Konsep seikhlasnya ini juga didukung oleh Imanullah Ali Ubaid. Dalam sambutan sebelum peresmian, dia mengatakan konsep seperti ini bisa membuka peluang agar semua kalangan siswa dapat belajar coding.

Namun begitu dia mengusulkan agar ke depan ada semacam subsidi silang. Siswa dari keluarga mampu bisa dipungut biaya yang layak sementara siswa lainnya tetap menggunakan infak seikhlasnya di dalam amplop kosong. Dia pun mengaku pernah memberi kursus coding dengan biaya mahal pada anak-anak dari keluarga mampu.

Salah seorang siswa Sekolah Coding Sang Surya sedang membuka aplikasi Scratch (Tagar.co/Mohammad Nurfatoni)

Target Membuat Game dan Animasi

Zaki menjelaskan tagline Sekolah Coding ‘Sang Surya’ adalah Belajar Coding Menyenangkan. Oleh karena itu kurikulum dirancang mudah untuk diterapkan oleh siswa sekolah dasar mulai umur 7 tahun hingga kelas menengah atas.

Pada delapan pertemuan awal yang diadakan tiap hari Sabtu itu, peserta akan mendapatkan materi dasar pemrograman serta logika dan algoritma pemrograman. Dengan aplikasi Scratch, siswa akan diajak membuat game serta belajar animasi dan pemrograman.

Dia berpesan kepada peserta agar mengikuti program ini secara istikamah dan tidak putus di tengah jalan karena setelah mendapat materi berbasis blok dengan Scratch, peserta akan diajak menggunakan sistem teks dengan menggunakan aplikasi lanjutan.

Baca Juga:  Peluncuran Dua Buku Karya Guru Menandai Milad Ke-22 SDMM

Secara teknis dia menerangkan, untuk kelas A waktu belajarnya pada pukul 07.00-08:15 sebanyak delapan kali pertemuan dengan menggunakan Scratch Junior. Kelas B pukul 08:30-10:15, juga delapan kali pertemuan dengan Scratch 3.0. Sementara kelas online pukul 09:30-10:15 juga delapan kali pertemuan dengan Scratch Junior.

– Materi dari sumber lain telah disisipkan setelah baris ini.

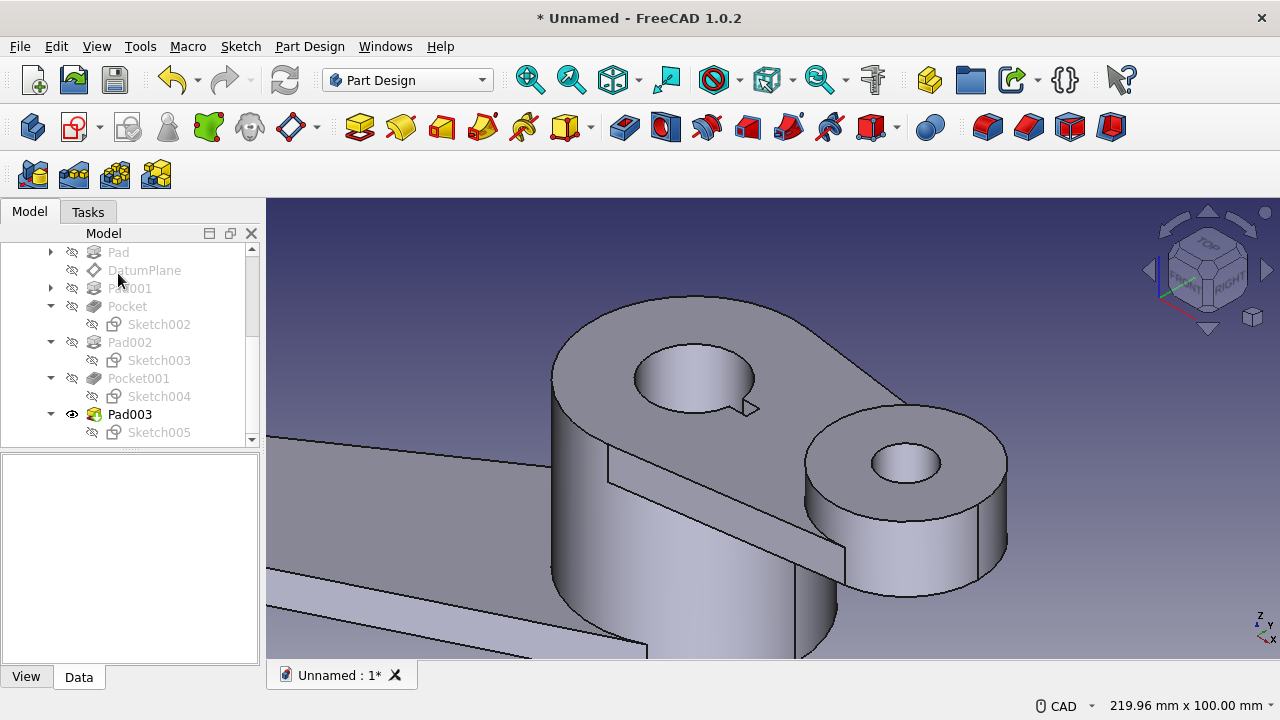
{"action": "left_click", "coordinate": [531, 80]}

Pertemuan dilakukan setip hari Sabtu, mulai 1 Februari 2025. Untuk Sabtu akhir bulan tidak ada pertemuan diganti dengan pengerjaan proyek. “Nanti proyek akan dipersentasikan oleh setiap pererta di akhir pertemuan,” katanya, saat menjelaskan hal ihwal Sekolah Codong ‘Sang Surya’ di hadapan siswa dan orang tua, Sabtu (18/1/25) pagi.

Dirgham Haidar irhab Afrian bersama ibunya, Shofiyatul Rohmah (Tagar.co/Mohammad Nurfatoni)

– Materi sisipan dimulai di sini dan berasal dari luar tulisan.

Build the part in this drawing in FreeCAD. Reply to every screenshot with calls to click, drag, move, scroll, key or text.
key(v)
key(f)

Siswa dan Orang Tua Antusias

Usai pertemuan, para siswa secara per kelompok diajak ke Labkom SDMM di lantai 3 gedung sisi utara. Ada waktu 10 menit bagi mereka untuk menggenal Scratch yang aplikasinya sudah terpasang di setiap PC. “Ayo anak-anak, dibuka aplikasinya,” kata Zaki sambil mencontohkan bagaimana membuka aplikasi tersebut. LED ukuran lebar yang menduplikasi layar monitor PC-nya pun menampilkan langkah-langkah awal Scratch Junior.

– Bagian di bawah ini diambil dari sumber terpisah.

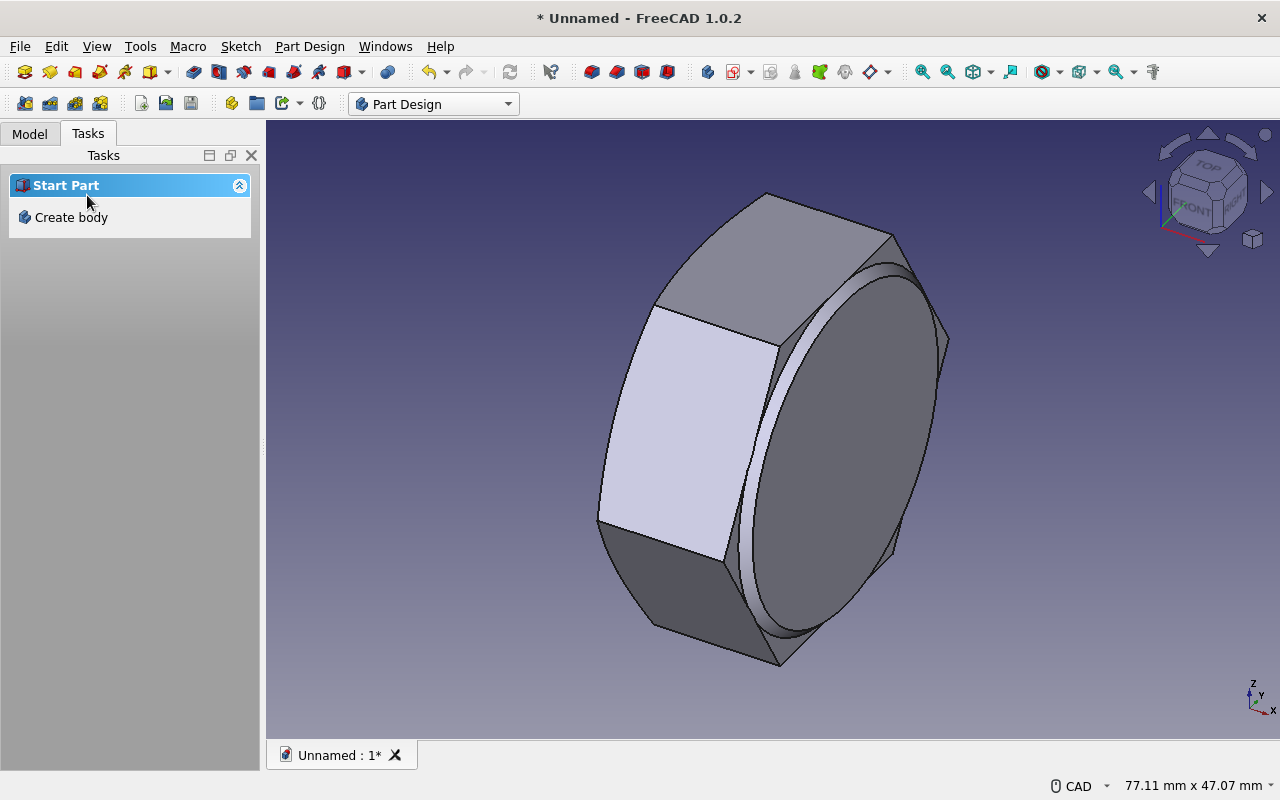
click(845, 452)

Salah satu siswa yang mengikuti instruksi tersebut adalah Dirgham Haidar irhab Afrian, siswa kelas 3 SD Al Islam ‘Muhammadiyah’ Cerme. Wajahnya tampak bahagia saat kali pertama bisa membuka Scratch Junior. Shofiyatul Rohmah, sang ibu yang ikut mengantarkan Dirgham mengungkapkan, di sekolah anaknya belum ada pelajaran coding, karena itu dia sangat antusias mengikutkan anaknya dalam program ini.

Dia berharap dengan mengikuti Sekolah Coding ‘Sang Surya’, Dirgham bisa mengajari teman-temannya jika pemerintah sudah menerapkan pembelajaran coding dalam kurikulum sekolah. “Semuanya sekarang kan pakai coding ya, jadi Dirgham nanti bisa mengajari teman-temannya,” ujarnya, sambil tersenyum. (#)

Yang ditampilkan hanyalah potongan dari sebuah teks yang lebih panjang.